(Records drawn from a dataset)

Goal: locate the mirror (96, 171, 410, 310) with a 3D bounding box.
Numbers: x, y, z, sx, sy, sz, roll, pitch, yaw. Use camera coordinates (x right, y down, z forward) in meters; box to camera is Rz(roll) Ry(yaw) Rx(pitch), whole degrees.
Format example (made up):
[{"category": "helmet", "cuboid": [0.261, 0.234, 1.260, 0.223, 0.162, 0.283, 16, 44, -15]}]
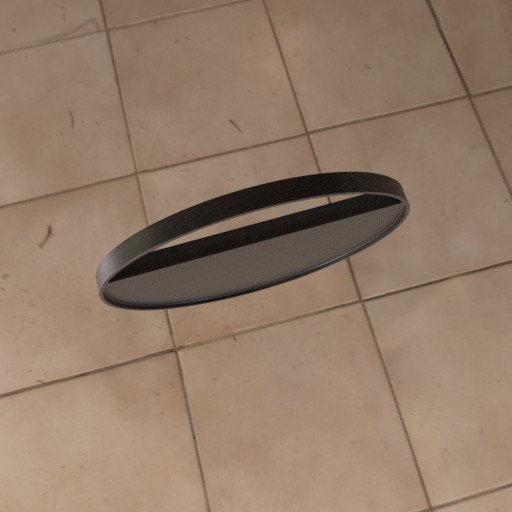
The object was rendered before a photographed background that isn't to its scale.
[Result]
[{"category": "mirror", "cuboid": [0.000, 0.000, 0.825, 0.565, 0.565, 0.032, -15, 76, -4]}]
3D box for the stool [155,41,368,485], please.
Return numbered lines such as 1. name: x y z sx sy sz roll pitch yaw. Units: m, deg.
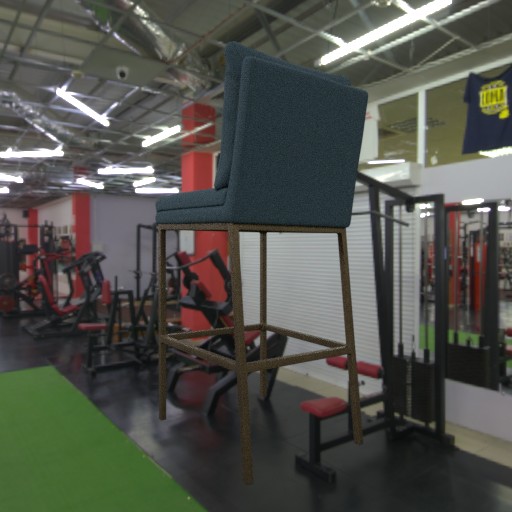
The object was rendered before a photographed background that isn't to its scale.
1. stool: 0.000 0.000 1.423 0.463 1.124 0.568 -1 1 -34
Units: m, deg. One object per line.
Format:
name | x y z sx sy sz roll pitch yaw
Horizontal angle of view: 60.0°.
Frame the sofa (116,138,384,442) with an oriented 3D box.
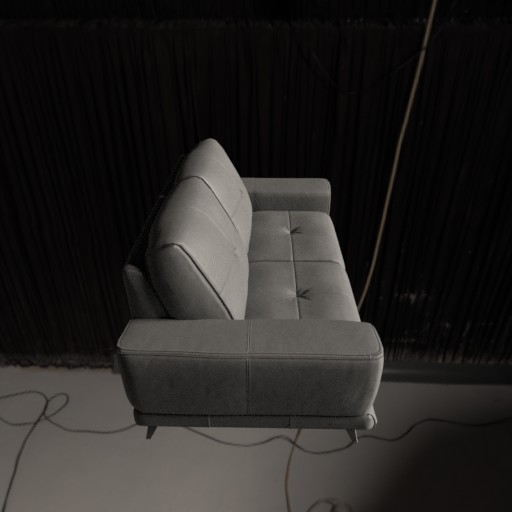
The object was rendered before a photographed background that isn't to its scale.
sofa | 0.000 0.000 2.406 1.018 0.907 1.806 1 31 1
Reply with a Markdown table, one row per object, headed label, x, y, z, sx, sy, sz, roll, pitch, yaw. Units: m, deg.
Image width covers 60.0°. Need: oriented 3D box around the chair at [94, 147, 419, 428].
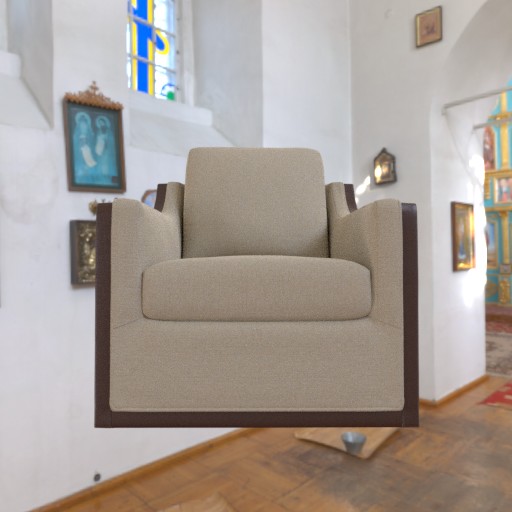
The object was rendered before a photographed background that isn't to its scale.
| label | x | y | z | sx | sy | sz | roll | pitch | yaw |
| --- | --- | --- | --- | --- | --- | --- | --- | --- | --- |
| chair | 0.000 | 0.000 | 1.605 | 0.870 | 0.930 | 0.950 | 0 | -1 | 0 |
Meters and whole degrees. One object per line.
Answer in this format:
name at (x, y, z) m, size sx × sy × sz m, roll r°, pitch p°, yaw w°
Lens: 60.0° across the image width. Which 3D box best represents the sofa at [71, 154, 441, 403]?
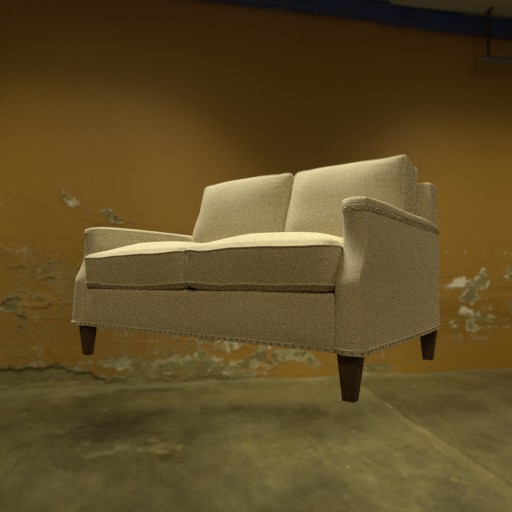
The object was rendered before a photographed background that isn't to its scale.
sofa at (0.000, 0.000, 2.247) m, size 1.597 × 1.003 × 1.084 m, roll -2°, pitch -3°, yaw 36°
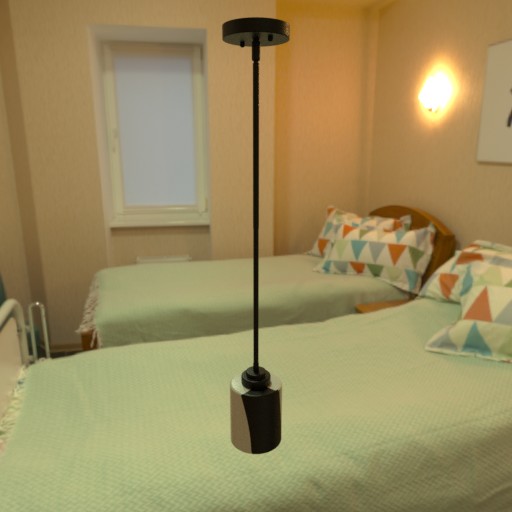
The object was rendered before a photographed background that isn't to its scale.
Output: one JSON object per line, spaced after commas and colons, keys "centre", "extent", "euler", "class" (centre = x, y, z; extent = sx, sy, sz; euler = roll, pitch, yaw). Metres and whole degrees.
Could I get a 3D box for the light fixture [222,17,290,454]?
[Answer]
{"centre": [0.000, 0.000, 0.915], "extent": [0.123, 0.863, 0.123], "euler": [14, 20, 42], "class": "light fixture"}
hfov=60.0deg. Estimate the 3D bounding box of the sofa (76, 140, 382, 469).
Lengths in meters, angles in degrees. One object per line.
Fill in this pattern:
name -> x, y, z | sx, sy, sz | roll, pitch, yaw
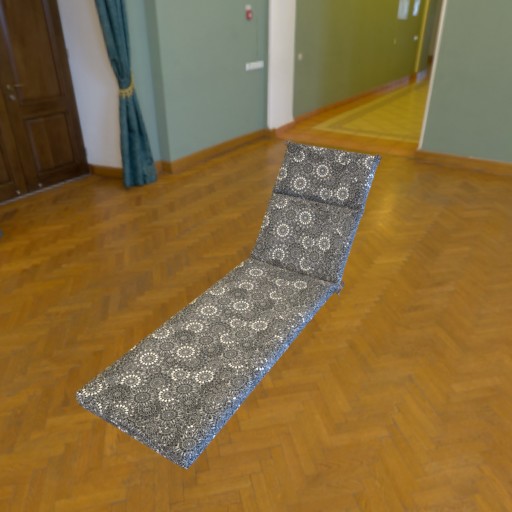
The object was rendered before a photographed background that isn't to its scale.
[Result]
sofa -> 0.000, 0.000, 1.963 | 0.582, 0.622, 1.663 | 17, 33, 27
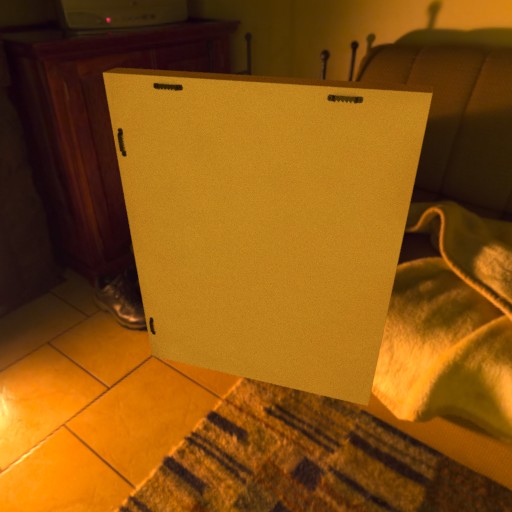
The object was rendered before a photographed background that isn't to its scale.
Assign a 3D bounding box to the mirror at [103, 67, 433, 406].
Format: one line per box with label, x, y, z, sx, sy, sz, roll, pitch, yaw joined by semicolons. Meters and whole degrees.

▶ [Task brief] The reply must hold each line of the records verbatim and no pictures.

▶ [Task response]
Goal: locate the mirror (96, 171, 410, 310) with a 3D bounding box.
Numbers: x, y, z, sx, sy, sz, roll, pitch, yaw. Use camera coordinates (x right, y down, z forward) in meters; box to camera is Rz(roll) Ry(yaw) Rx(pitch), whole degrees.
Format example (made up):
[{"category": "helmet", "cuboid": [0.261, 0.234, 1.260, 0.223, 0.162, 0.283, 16, 44, -15]}]
The object was rendered before a photographed background that isn't to its scale.
[Result]
[{"category": "mirror", "cuboid": [0.000, 0.000, 0.825, 0.565, 0.565, 0.032, -15, 76, -4]}]
3D box for the stool [155,41,368,485], please.
Return numbered lines such as 1. name: x y z sx sy sz roll pitch yaw. Units: m, deg.
The object was rendered before a photographed background that isn't to its scale.
1. stool: 0.000 0.000 1.423 0.463 1.124 0.568 -1 1 -34
Units: m, deg. One object per line.
Format:
name | x y z sx sy sz roll pitch yaw
Horizontal angle of view: 60.0°.
Frame the sofa (116,138,384,442) with an oriented 3D box.
The object was rendered before a photographed background that isn't to its scale.
sofa | 0.000 0.000 2.406 1.018 0.907 1.806 1 31 1
Reply with a Markdown table, one row per object, headed label, x, y, z, sx, sy, sz, roll, pitch, yaw. Units: m, deg.
Image width covers 60.0°. Need: oriented 3D box around the chair at [94, 147, 419, 428].
The object was rendered before a photographed background that isn't to its scale.
| label | x | y | z | sx | sy | sz | roll | pitch | yaw |
| --- | --- | --- | --- | --- | --- | --- | --- | --- | --- |
| chair | 0.000 | 0.000 | 1.605 | 0.870 | 0.930 | 0.950 | 0 | -1 | 0 |
Meters and whole degrees. One object per line.
Answer in this format:
name at (x, y, z) m, size sx × sy × sz m, roll r°, pitch p°, yaw w°
Lens: 60.0° across the image width. Which 3D box best represents the sofa at [71, 154, 441, 403]?
The object was rendered before a photographed background that isn't to its scale.
sofa at (0.000, 0.000, 2.247) m, size 1.597 × 1.003 × 1.084 m, roll -2°, pitch -3°, yaw 36°
The object was rendered before a photographed background that isn't to its scale.
Output: one JSON object per line, spaced after commas and colons, keys "centre", "extent", "euler", "class" (centre = x, y, z; extent = sx, sy, sz; euler = roll, pitch, yaw). Metres and whole degrees.
Could I get a 3D box for the light fixture [222,17,290,454]?
[Answer]
{"centre": [0.000, 0.000, 0.915], "extent": [0.123, 0.863, 0.123], "euler": [14, 20, 42], "class": "light fixture"}
hfov=60.0deg. Estimate the 3D bounding box of the sofa (76, 140, 382, 469).
Lengths in meters, angles in degrees. One object per line.
Fill in this pattern:
name -> x, y, z | sx, sy, sz | roll, pitch, yaw
The object was rendered before a photographed background that isn't to its scale.
[Result]
sofa -> 0.000, 0.000, 1.963 | 0.582, 0.622, 1.663 | 17, 33, 27
The object was rendered before a photographed background that isn't to its scale.
Assign a 3D bounding box to the mirror at [103, 67, 433, 406].
Format: one line per box with label, x, y, z, sx, sy, sz, roll, pitch, yaw joined by semicolons. Meters and whole degrees.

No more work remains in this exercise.